*PROBLEM TO WORK ON:*
Pictures do not belong in the copy; print every entry exactly as it stands.

--------------------------------------------------

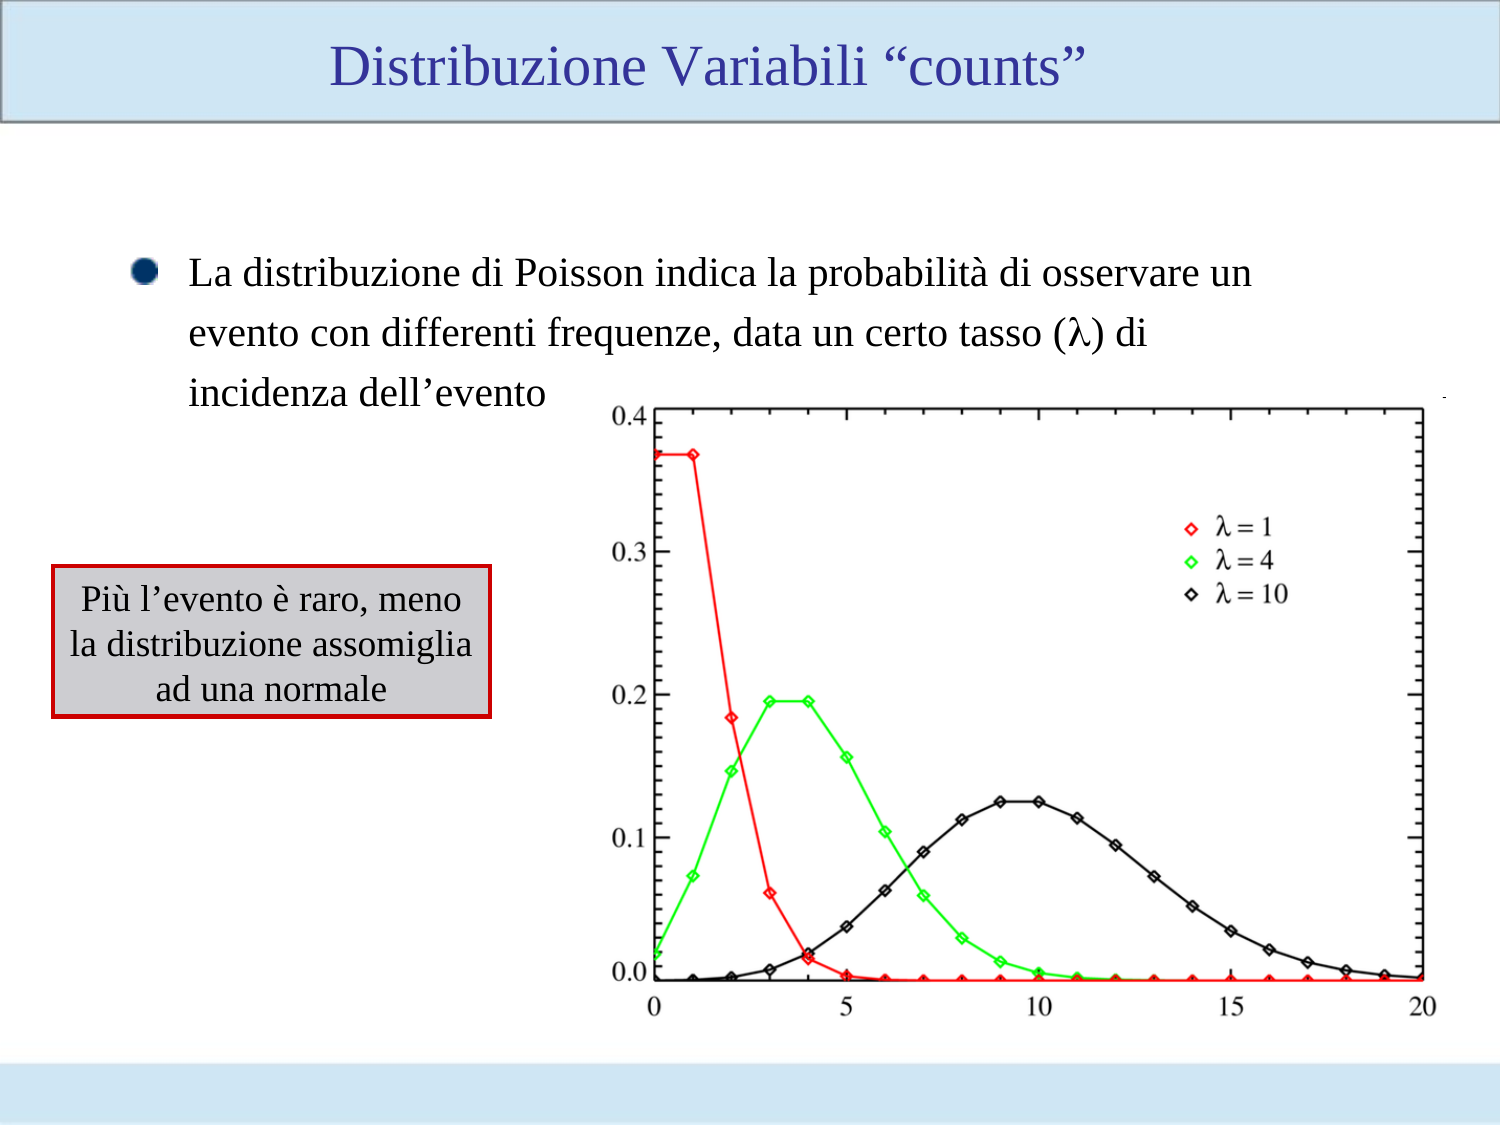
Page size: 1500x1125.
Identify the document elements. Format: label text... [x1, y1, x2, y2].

text_box Più l’evento è raro, meno la distribuzione assomiglia ad una normale [53, 566, 491, 717]
picture [0, 0, 1500, 1125]
title Distribuzione Variabili “counts” [226, 19, 1191, 106]
text_box La distribuzione di Poisson indica la probabilità di osservare un evento con differenti frequenze, data un certo tasso () di incidenza dell’evento [112, 227, 1288, 423]
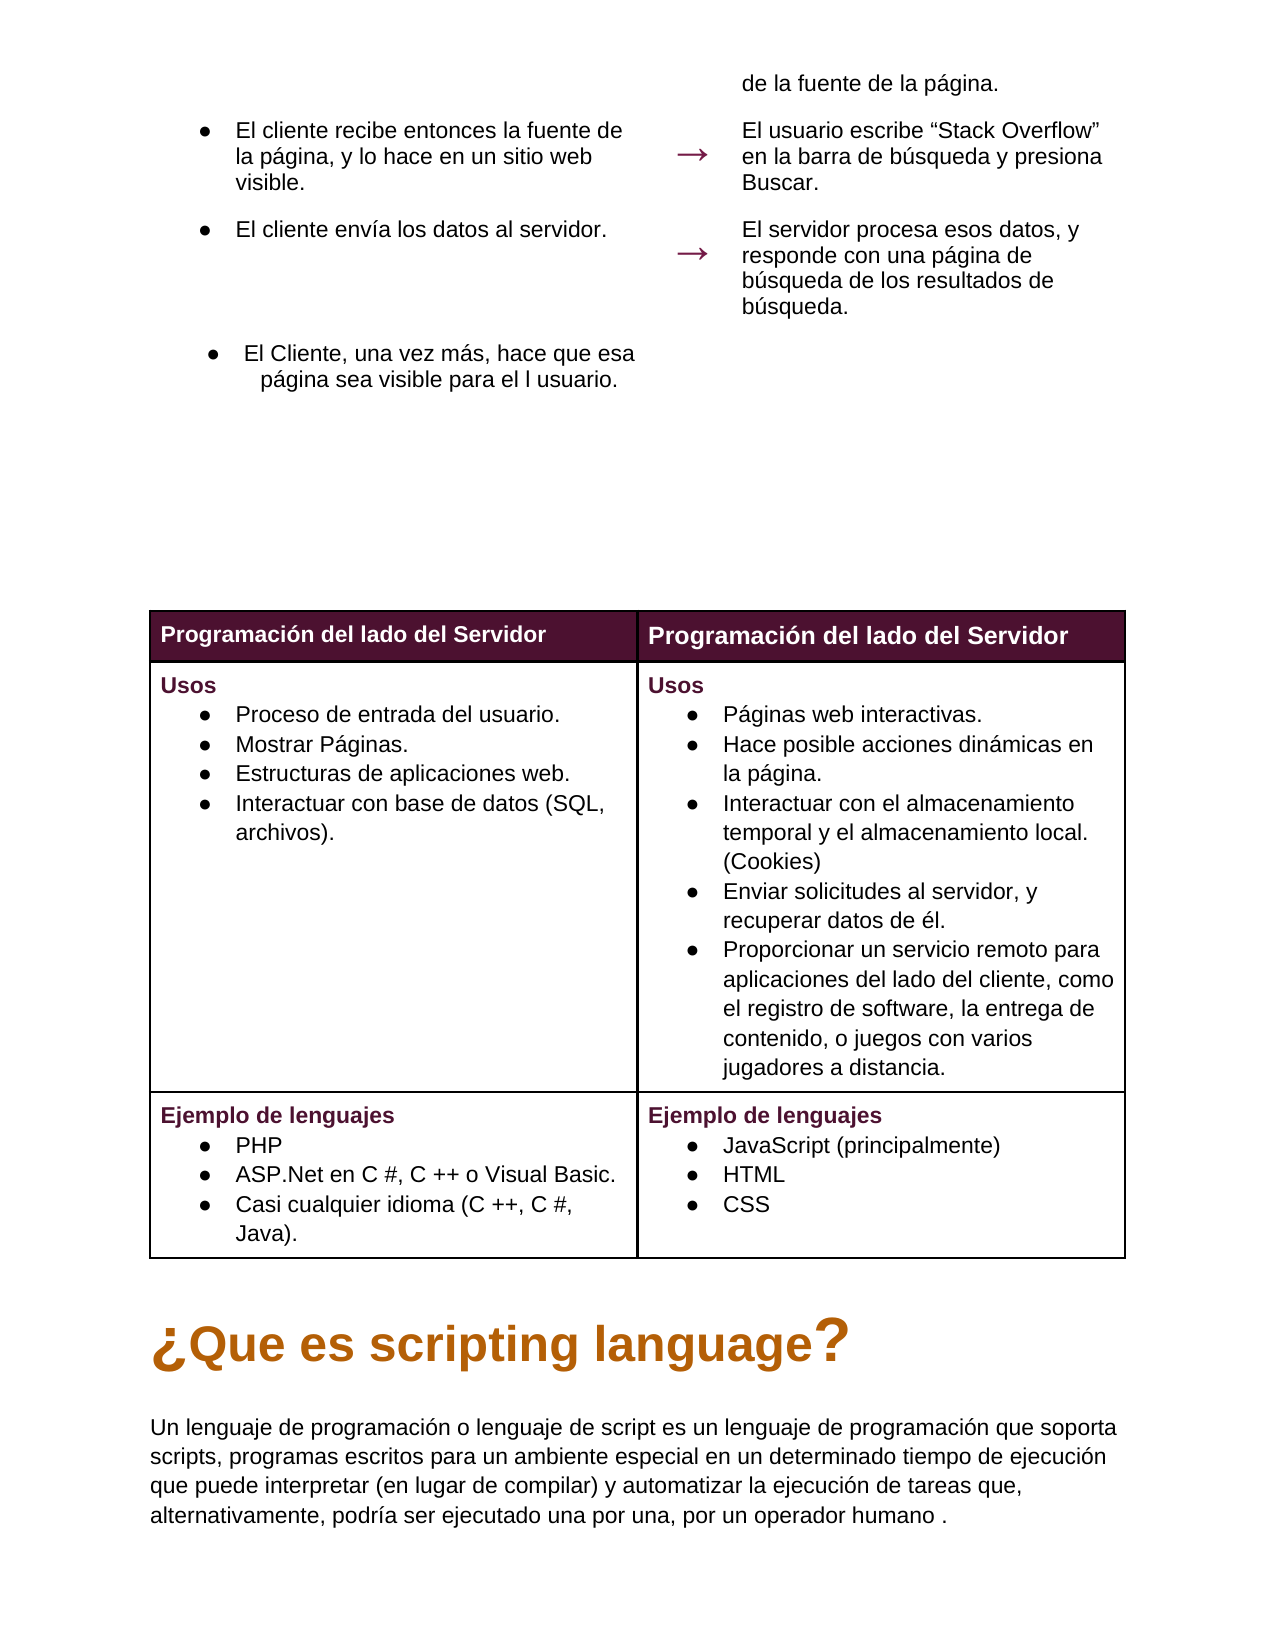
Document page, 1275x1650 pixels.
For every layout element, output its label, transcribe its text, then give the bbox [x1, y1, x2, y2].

table_cell El cliente envía los datos al servidor. [151, 206, 653, 330]
table_cell Usos Páginas web interactivas. Hace posible acciones dinámicas en la página. Interactuar con el almacenamiento temporal y el almacenamiento local. (Cookies) Enviar solicitudes al servidor, y recuperar datos de él. Proporcionar un servicio remoto para aplicaciones del lado del cliente, como el registro de software, la entrega de contenido, o juegos con varios jugadores a distancia. [639, 663, 1124, 1091]
subtitle ¿Que es scripting language? [150, 1305, 1125, 1375]
table_header [151, 60, 653, 107]
table_cell Ejemplo de lenguajes PHP ASP.Net en C #, C ++ o Visual Basic. Casi cualquier idioma (C ++, C #, Java). [151, 1093, 636, 1257]
table_cell Usos Proceso de entrada del usuario. Mostrar Páginas. Estructuras de aplicaciones web. Interactuar con base de datos (SQL, archivos). [151, 663, 636, 1091]
table_header Programación del lado del Servidor [639, 612, 1124, 660]
table_header Programación del lado del Servidor [151, 612, 636, 660]
table_cell → [654, 108, 731, 205]
table_cell [732, 331, 1124, 403]
table_header de la fuente de la página. [732, 60, 1124, 107]
table_cell El usuario escribe “Stack Overflow” en la barra de búsqueda y presiona Buscar. [732, 108, 1124, 205]
table_cell → [654, 206, 731, 330]
table_cell El servidor procesa esos datos, y responde con una página de búsqueda de los resultados de búsqueda. [732, 206, 1124, 330]
table_cell [654, 331, 731, 403]
table_cell El cliente recibe entonces la fuente de la página, y lo hace en un sitio web visible. [151, 108, 653, 205]
table_cell Ejemplo de lenguajes JavaScript (principalmente) HTML CSS [639, 1093, 1124, 1257]
text Un lenguaje de programación o lenguaje de script es un lenguaje de programación que soporta scripts, programas escritos para un ambiente especial en un determinado tiempo de ejecución que puede interpretar (en lugar de compilar) y automatizar la ejecución de tareas que, alternativamente, podría ser ejecutado una por una, por un operador humano . [150, 1414, 1125, 1528]
table_header [654, 60, 731, 107]
table_cell El Cliente, una vez más, hace que esa página sea visible para el l usuario. [151, 331, 653, 403]
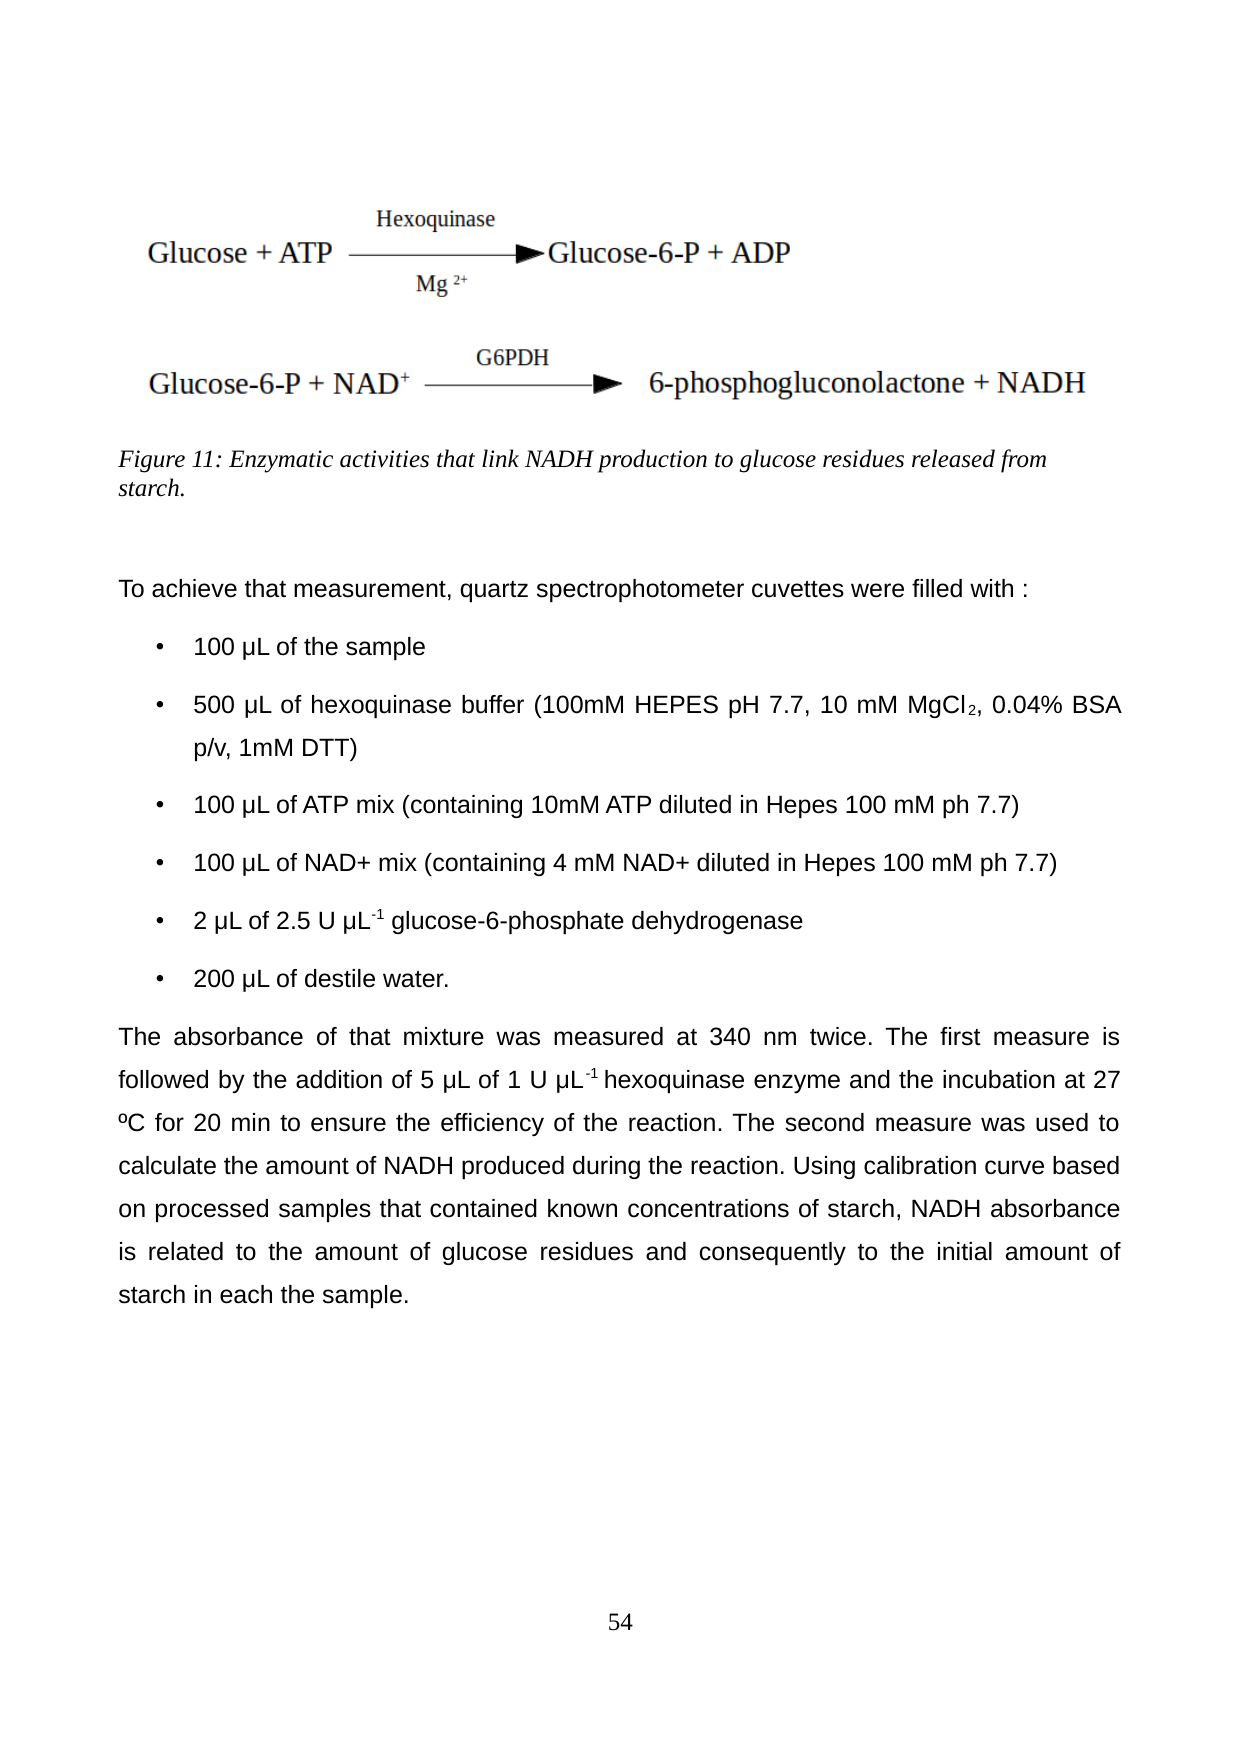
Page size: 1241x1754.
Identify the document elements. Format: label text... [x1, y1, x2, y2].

--------------------------------------------------

*ANSWER SPACE:*
Page size: 1500x1125.
Identify the document elements. Format: label text... [x1, y1, x2, y2].

text_box Più l’evento è raro, meno la distribuzione assomiglia ad una normale [53, 566, 491, 717]
picture [0, 0, 1500, 1125]
title Distribuzione Variabili “counts” [226, 19, 1191, 106]
text_box La distribuzione di Poisson indica la probabilità di osservare un evento con differenti frequenze, data un certo tasso () di incidenza dell’evento [112, 227, 1288, 423]
Document page, 1275x1650 pixels.
For every layout element, output its label, transcribe its text, then give the bbox [x1, y1, x2, y2].

table_cell El cliente envía los datos al servidor. [151, 206, 653, 330]
table_cell Usos Páginas web interactivas. Hace posible acciones dinámicas en la página. Interactuar con el almacenamiento temporal y el almacenamiento local. (Cookies) Enviar solicitudes al servidor, y recuperar datos de él. Proporcionar un servicio remoto para aplicaciones del lado del cliente, como el registro de software, la entrega de contenido, o juegos con varios jugadores a distancia. [639, 663, 1124, 1091]
subtitle ¿Que es scripting language? [150, 1305, 1125, 1375]
table_header [151, 60, 653, 107]
table_cell Ejemplo de lenguajes PHP ASP.Net en C #, C ++ o Visual Basic. Casi cualquier idioma (C ++, C #, Java). [151, 1093, 636, 1257]
table_cell Usos Proceso de entrada del usuario. Mostrar Páginas. Estructuras de aplicaciones web. Interactuar con base de datos (SQL, archivos). [151, 663, 636, 1091]
table_header Programación del lado del Servidor [639, 612, 1124, 660]
table_header Programación del lado del Servidor [151, 612, 636, 660]
table_cell → [654, 108, 731, 205]
table_cell [732, 331, 1124, 403]
table_header de la fuente de la página. [732, 60, 1124, 107]
table_cell El usuario escribe “Stack Overflow” en la barra de búsqueda y presiona Buscar. [732, 108, 1124, 205]
table_cell → [654, 206, 731, 330]
table_cell El servidor procesa esos datos, y responde con una página de búsqueda de los resultados de búsqueda. [732, 206, 1124, 330]
table_cell [654, 331, 731, 403]
table_cell El cliente recibe entonces la fuente de la página, y lo hace en un sitio web visible. [151, 108, 653, 205]
table_cell Ejemplo de lenguajes JavaScript (principalmente) HTML CSS [639, 1093, 1124, 1257]
text Un lenguaje de programación o lenguaje de script es un lenguaje de programación que soporta scripts, programas escritos para un ambiente especial en un determinado tiempo de ejecución que puede interpretar (en lugar de compilar) y automatizar la ejecución de tareas que, alternativamente, podría ser ejecutado una por una, por un operador humano . [150, 1414, 1125, 1528]
table_header [654, 60, 731, 107]
table_cell El Cliente, una vez más, hace que esa página sea visible para el l usuario. [151, 331, 653, 403]
Page size: 1241x1754.
Identify the document elements. Format: label text... [x1, y1, x2, y2].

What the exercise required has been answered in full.